= Task data =
•••

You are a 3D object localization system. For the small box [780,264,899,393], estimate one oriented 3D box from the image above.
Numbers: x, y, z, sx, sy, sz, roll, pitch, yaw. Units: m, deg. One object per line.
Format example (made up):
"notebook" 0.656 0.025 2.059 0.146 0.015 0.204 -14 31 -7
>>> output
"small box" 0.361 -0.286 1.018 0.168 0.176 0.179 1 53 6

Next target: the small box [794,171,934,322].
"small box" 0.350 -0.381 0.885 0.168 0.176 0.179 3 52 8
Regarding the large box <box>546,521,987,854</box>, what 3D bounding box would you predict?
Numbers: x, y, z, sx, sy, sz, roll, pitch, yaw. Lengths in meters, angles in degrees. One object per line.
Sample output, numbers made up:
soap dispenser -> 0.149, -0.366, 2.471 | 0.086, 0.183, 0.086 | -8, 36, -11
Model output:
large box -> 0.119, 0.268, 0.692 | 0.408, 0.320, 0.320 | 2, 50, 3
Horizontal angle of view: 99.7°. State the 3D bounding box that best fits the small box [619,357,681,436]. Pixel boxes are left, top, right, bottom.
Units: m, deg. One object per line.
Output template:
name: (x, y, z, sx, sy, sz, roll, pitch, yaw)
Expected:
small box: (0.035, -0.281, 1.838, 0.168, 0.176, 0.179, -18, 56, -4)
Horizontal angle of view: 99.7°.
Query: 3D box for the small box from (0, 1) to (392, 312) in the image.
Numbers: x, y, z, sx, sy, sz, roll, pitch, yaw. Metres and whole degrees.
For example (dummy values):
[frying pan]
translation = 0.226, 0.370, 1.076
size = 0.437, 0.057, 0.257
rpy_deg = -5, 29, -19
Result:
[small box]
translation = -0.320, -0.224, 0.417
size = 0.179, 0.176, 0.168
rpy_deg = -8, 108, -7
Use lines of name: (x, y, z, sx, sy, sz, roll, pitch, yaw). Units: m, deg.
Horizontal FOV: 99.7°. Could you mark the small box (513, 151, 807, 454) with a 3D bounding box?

•••

Every line must be copied exactly as it stands above.

You are a 3D object localization system. For the small box [780,264,899,393], estimate one oriented 3D box from the image above.
Numbers: x, y, z, sx, sy, sz, roll, pitch, yaw. Units: m, deg. One object per line.
Format example (made up):
"notebook" 0.656 0.025 2.059 0.146 0.015 0.204 -14 31 -7
>>> output
"small box" 0.361 -0.286 1.018 0.168 0.176 0.179 1 53 6

Next target: the small box [794,171,934,322].
"small box" 0.350 -0.381 0.885 0.168 0.176 0.179 3 52 8
Regarding the large box <box>546,521,987,854</box>, what 3D bounding box would you predict?
Numbers: x, y, z, sx, sy, sz, roll, pitch, yaw. Lengths in meters, angles in degrees. One object per line.
Sample output, numbers made up:
soap dispenser -> 0.149, -0.366, 2.471 | 0.086, 0.183, 0.086 | -8, 36, -11
Model output:
large box -> 0.119, 0.268, 0.692 | 0.408, 0.320, 0.320 | 2, 50, 3
Horizontal angle of view: 99.7°. State the 3D bounding box that best fits the small box [619,357,681,436]. Pixel boxes are left, top, right, bottom.
Units: m, deg. One object per line.
Output template:
name: (x, y, z, sx, sy, sz, roll, pitch, yaw)
Expected:
small box: (0.035, -0.281, 1.838, 0.168, 0.176, 0.179, -18, 56, -4)
Horizontal angle of view: 99.7°.
Query: 3D box for the small box from (0, 1) to (392, 312) in the image.
Numbers: x, y, z, sx, sy, sz, roll, pitch, yaw. Metres and whole degrees.
For example (dummy values):
[frying pan]
translation = 0.226, 0.370, 1.076
size = 0.437, 0.057, 0.257
rpy_deg = -5, 29, -19
Result:
[small box]
translation = -0.320, -0.224, 0.417
size = 0.179, 0.176, 0.168
rpy_deg = -8, 108, -7
Use lines of name: (x, y, z, sx, sy, sz, roll, pitch, yaw). Units: m, deg.
Horizontal FOV: 99.7°. Could you mark the small box (513, 151, 807, 454) with a 3D bounding box?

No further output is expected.